(Working data begins)

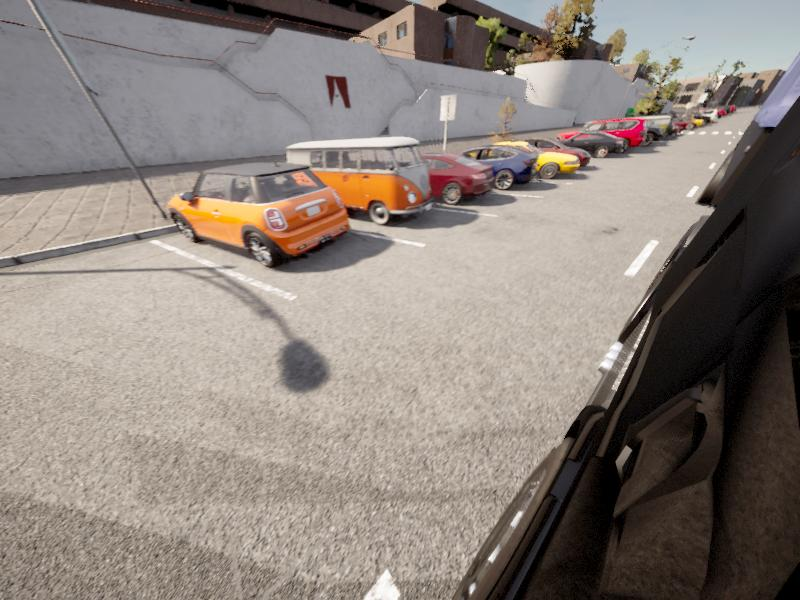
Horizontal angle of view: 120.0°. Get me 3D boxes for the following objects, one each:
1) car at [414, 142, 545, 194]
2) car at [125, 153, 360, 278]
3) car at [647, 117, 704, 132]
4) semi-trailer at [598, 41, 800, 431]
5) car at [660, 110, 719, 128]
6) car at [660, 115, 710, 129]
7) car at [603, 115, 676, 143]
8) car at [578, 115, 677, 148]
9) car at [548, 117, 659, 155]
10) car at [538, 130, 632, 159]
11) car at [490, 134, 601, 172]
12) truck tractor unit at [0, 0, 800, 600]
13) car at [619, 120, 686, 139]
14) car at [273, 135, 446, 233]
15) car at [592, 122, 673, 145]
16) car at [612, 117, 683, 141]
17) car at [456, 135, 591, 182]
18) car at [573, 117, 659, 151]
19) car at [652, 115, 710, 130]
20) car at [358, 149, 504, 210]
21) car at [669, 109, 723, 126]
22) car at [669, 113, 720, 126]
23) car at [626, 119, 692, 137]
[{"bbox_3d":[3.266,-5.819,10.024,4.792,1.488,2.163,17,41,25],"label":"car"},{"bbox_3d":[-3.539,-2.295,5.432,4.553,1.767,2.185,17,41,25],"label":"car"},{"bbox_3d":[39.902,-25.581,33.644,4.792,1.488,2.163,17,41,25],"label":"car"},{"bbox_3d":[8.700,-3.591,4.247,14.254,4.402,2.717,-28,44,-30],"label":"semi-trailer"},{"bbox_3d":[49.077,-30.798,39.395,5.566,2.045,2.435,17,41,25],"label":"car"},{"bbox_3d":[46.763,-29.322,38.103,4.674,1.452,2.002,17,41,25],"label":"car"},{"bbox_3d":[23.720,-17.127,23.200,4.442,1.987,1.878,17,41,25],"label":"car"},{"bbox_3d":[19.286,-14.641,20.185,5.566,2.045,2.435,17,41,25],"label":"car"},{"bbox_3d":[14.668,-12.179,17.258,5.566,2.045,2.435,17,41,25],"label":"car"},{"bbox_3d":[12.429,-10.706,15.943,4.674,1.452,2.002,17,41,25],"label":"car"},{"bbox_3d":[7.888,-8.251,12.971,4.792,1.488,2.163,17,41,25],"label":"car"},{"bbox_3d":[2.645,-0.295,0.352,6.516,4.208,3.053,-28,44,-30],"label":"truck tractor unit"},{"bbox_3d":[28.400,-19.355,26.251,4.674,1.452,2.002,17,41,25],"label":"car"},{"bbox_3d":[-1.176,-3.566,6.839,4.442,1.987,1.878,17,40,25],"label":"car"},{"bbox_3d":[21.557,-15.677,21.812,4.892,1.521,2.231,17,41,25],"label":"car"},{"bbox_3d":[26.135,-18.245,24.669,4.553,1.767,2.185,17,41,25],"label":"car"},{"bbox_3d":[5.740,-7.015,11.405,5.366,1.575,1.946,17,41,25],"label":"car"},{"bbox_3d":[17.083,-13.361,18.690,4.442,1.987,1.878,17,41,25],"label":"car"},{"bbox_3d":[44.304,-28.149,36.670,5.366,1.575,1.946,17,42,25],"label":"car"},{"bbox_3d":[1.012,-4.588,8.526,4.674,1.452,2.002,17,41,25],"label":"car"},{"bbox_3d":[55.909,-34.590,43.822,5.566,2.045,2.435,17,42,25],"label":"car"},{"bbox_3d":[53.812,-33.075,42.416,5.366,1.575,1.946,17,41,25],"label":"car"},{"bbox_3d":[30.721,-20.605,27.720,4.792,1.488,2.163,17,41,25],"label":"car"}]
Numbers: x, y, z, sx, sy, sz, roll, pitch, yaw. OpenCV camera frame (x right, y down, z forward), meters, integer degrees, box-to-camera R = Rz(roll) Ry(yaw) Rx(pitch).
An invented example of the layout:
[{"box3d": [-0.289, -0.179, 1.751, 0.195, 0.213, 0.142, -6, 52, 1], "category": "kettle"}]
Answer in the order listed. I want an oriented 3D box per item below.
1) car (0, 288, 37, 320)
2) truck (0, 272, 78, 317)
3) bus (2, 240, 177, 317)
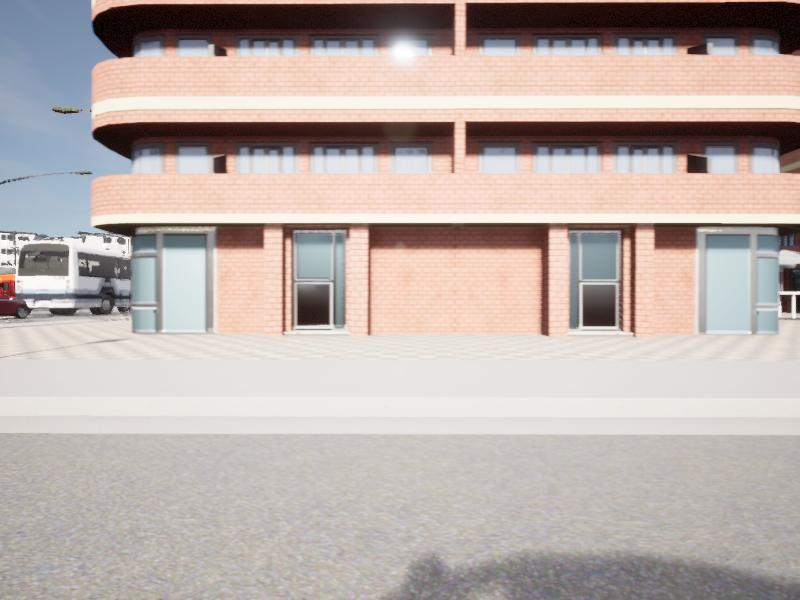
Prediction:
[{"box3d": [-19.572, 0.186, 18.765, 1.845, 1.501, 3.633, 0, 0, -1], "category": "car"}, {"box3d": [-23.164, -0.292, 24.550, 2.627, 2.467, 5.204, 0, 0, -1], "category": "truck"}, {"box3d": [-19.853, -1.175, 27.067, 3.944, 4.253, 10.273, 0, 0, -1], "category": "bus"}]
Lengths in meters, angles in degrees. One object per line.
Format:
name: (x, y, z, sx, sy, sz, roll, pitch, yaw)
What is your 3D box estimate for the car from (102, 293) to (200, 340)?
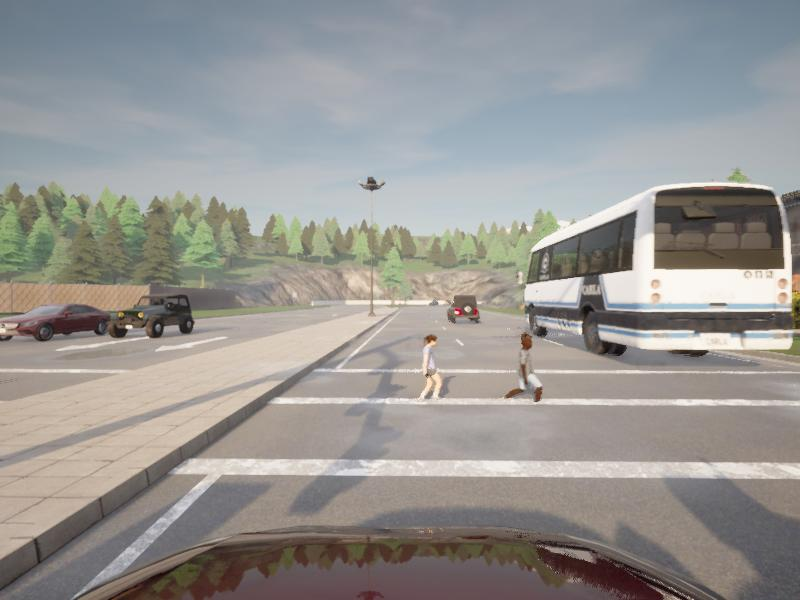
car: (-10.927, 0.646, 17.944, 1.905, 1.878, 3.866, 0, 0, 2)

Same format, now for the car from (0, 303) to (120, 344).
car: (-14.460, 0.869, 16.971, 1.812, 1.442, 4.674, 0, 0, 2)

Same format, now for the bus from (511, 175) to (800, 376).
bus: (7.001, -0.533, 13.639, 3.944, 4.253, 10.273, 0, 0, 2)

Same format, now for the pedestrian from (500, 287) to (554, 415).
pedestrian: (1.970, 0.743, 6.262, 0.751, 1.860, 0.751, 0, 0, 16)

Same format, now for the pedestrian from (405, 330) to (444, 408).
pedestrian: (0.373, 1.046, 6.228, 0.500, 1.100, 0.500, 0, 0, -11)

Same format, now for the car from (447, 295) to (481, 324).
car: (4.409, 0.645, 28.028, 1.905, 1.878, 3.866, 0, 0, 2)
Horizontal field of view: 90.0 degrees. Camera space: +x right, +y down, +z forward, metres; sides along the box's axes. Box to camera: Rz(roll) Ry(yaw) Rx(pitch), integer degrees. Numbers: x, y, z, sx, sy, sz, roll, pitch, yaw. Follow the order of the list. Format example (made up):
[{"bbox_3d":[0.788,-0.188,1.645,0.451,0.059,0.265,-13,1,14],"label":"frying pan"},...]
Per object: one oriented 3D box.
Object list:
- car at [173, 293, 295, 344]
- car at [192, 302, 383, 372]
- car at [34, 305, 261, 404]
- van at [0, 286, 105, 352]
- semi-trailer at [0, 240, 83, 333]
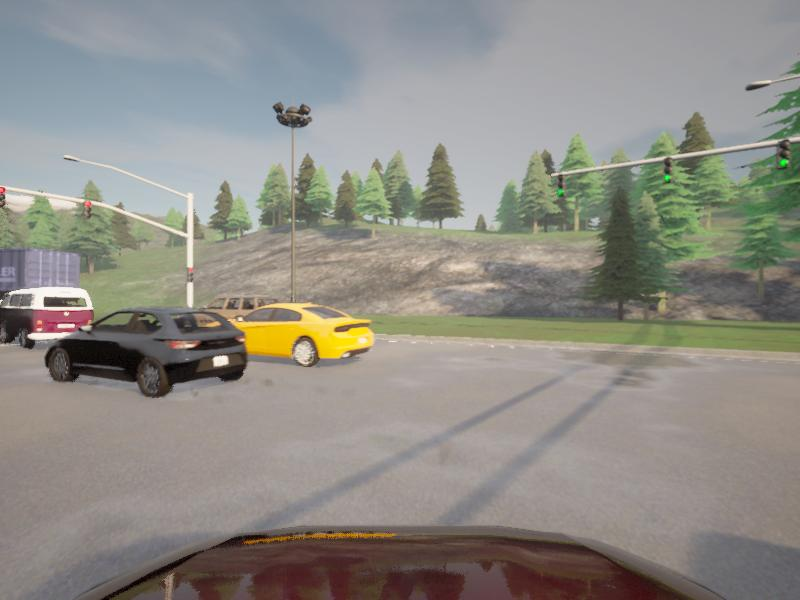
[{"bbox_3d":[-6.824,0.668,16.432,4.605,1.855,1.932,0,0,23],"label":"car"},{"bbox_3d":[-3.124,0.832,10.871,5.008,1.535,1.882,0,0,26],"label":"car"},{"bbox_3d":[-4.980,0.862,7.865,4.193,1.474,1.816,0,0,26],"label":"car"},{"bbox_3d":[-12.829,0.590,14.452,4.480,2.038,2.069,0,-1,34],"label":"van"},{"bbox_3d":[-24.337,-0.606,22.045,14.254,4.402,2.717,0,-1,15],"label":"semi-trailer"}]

(Working data ends)

What you will do: Please set down each entry word for word, without its images.

Solution to the exercise:
Horizontal angle of view: 120.0°. Get me 3D boxes for the following objects, one each:
1) car at [414, 142, 545, 194]
2) car at [125, 153, 360, 278]
3) car at [647, 117, 704, 132]
4) semi-trailer at [598, 41, 800, 431]
5) car at [660, 110, 719, 128]
6) car at [660, 115, 710, 129]
7) car at [603, 115, 676, 143]
8) car at [578, 115, 677, 148]
9) car at [548, 117, 659, 155]
10) car at [538, 130, 632, 159]
11) car at [490, 134, 601, 172]
12) truck tractor unit at [0, 0, 800, 600]
13) car at [619, 120, 686, 139]
14) car at [273, 135, 446, 233]
15) car at [592, 122, 673, 145]
16) car at [612, 117, 683, 141]
17) car at [456, 135, 591, 182]
18) car at [573, 117, 659, 151]
19) car at [652, 115, 710, 130]
20) car at [358, 149, 504, 210]
21) car at [669, 109, 723, 126]
22) car at [669, 113, 720, 126]
23) car at [626, 119, 692, 137]
[{"bbox_3d":[3.266,-5.819,10.024,4.792,1.488,2.163,17,41,25],"label":"car"},{"bbox_3d":[-3.539,-2.295,5.432,4.553,1.767,2.185,17,41,25],"label":"car"},{"bbox_3d":[39.902,-25.581,33.644,4.792,1.488,2.163,17,41,25],"label":"car"},{"bbox_3d":[8.700,-3.591,4.247,14.254,4.402,2.717,-28,44,-30],"label":"semi-trailer"},{"bbox_3d":[49.077,-30.798,39.395,5.566,2.045,2.435,17,41,25],"label":"car"},{"bbox_3d":[46.763,-29.322,38.103,4.674,1.452,2.002,17,41,25],"label":"car"},{"bbox_3d":[23.720,-17.127,23.200,4.442,1.987,1.878,17,41,25],"label":"car"},{"bbox_3d":[19.286,-14.641,20.185,5.566,2.045,2.435,17,41,25],"label":"car"},{"bbox_3d":[14.668,-12.179,17.258,5.566,2.045,2.435,17,41,25],"label":"car"},{"bbox_3d":[12.429,-10.706,15.943,4.674,1.452,2.002,17,41,25],"label":"car"},{"bbox_3d":[7.888,-8.251,12.971,4.792,1.488,2.163,17,41,25],"label":"car"},{"bbox_3d":[2.645,-0.295,0.352,6.516,4.208,3.053,-28,44,-30],"label":"truck tractor unit"},{"bbox_3d":[28.400,-19.355,26.251,4.674,1.452,2.002,17,41,25],"label":"car"},{"bbox_3d":[-1.176,-3.566,6.839,4.442,1.987,1.878,17,40,25],"label":"car"},{"bbox_3d":[21.557,-15.677,21.812,4.892,1.521,2.231,17,41,25],"label":"car"},{"bbox_3d":[26.135,-18.245,24.669,4.553,1.767,2.185,17,41,25],"label":"car"},{"bbox_3d":[5.740,-7.015,11.405,5.366,1.575,1.946,17,41,25],"label":"car"},{"bbox_3d":[17.083,-13.361,18.690,4.442,1.987,1.878,17,41,25],"label":"car"},{"bbox_3d":[44.304,-28.149,36.670,5.366,1.575,1.946,17,42,25],"label":"car"},{"bbox_3d":[1.012,-4.588,8.526,4.674,1.452,2.002,17,41,25],"label":"car"},{"bbox_3d":[55.909,-34.590,43.822,5.566,2.045,2.435,17,42,25],"label":"car"},{"bbox_3d":[53.812,-33.075,42.416,5.366,1.575,1.946,17,41,25],"label":"car"},{"bbox_3d":[30.721,-20.605,27.720,4.792,1.488,2.163,17,41,25],"label":"car"}]
Numbers: x, y, z, sx, sy, sz, roll, pitch, yaw. OpenCV camera frame (x right, y down, z forward), meters, integer degrees, box-to-camera R = Rz(roll) Ry(yaw) Rx(pitch).
An invented example of the layout:
[{"box3d": [-0.289, -0.179, 1.751, 0.195, 0.213, 0.142, -6, 52, 1], "category": "kettle"}]
Answer in the order listed. I want an oriented 3D box per item below.
1) car (0, 288, 37, 320)
2) truck (0, 272, 78, 317)
3) bus (2, 240, 177, 317)
Prediction:
[{"box3d": [-19.572, 0.186, 18.765, 1.845, 1.501, 3.633, 0, 0, -1], "category": "car"}, {"box3d": [-23.164, -0.292, 24.550, 2.627, 2.467, 5.204, 0, 0, -1], "category": "truck"}, {"box3d": [-19.853, -1.175, 27.067, 3.944, 4.253, 10.273, 0, 0, -1], "category": "bus"}]
Lengths in meters, angles in degrees. One object per line.
Format:
name: (x, y, z, sx, sy, sz, roll, pitch, yaw)
What is your 3D box estimate for the car from (102, 293) to (200, 340)?
car: (-10.927, 0.646, 17.944, 1.905, 1.878, 3.866, 0, 0, 2)

Same format, now for the car from (0, 303) to (120, 344).
car: (-14.460, 0.869, 16.971, 1.812, 1.442, 4.674, 0, 0, 2)

Same format, now for the bus from (511, 175) to (800, 376).
bus: (7.001, -0.533, 13.639, 3.944, 4.253, 10.273, 0, 0, 2)

Same format, now for the pedestrian from (500, 287) to (554, 415).
pedestrian: (1.970, 0.743, 6.262, 0.751, 1.860, 0.751, 0, 0, 16)

Same format, now for the pedestrian from (405, 330) to (444, 408).
pedestrian: (0.373, 1.046, 6.228, 0.500, 1.100, 0.500, 0, 0, -11)

Same format, now for the car from (447, 295) to (481, 324).
car: (4.409, 0.645, 28.028, 1.905, 1.878, 3.866, 0, 0, 2)
Horizontal field of view: 90.0 degrees. Camera space: +x right, +y down, +z forward, metres; sides along the box's axes. Box to camera: Rz(roll) Ry(yaw) Rx(pitch), integer degrees. Numbers: x, y, z, sx, sy, sz, roll, pitch, yaw. Follow the order of the list. Format example (made up):
[{"bbox_3d":[0.788,-0.188,1.645,0.451,0.059,0.265,-13,1,14],"label":"frying pan"},...]
Per object: one oriented 3D box.
Object list:
- car at [173, 293, 295, 344]
- car at [192, 302, 383, 372]
- car at [34, 305, 261, 404]
- van at [0, 286, 105, 352]
- semi-trailer at [0, 240, 83, 333]
[{"bbox_3d":[-6.824,0.668,16.432,4.605,1.855,1.932,0,0,23],"label":"car"},{"bbox_3d":[-3.124,0.832,10.871,5.008,1.535,1.882,0,0,26],"label":"car"},{"bbox_3d":[-4.980,0.862,7.865,4.193,1.474,1.816,0,0,26],"label":"car"},{"bbox_3d":[-12.829,0.590,14.452,4.480,2.038,2.069,0,-1,34],"label":"van"},{"bbox_3d":[-24.337,-0.606,22.045,14.254,4.402,2.717,0,-1,15],"label":"semi-trailer"}]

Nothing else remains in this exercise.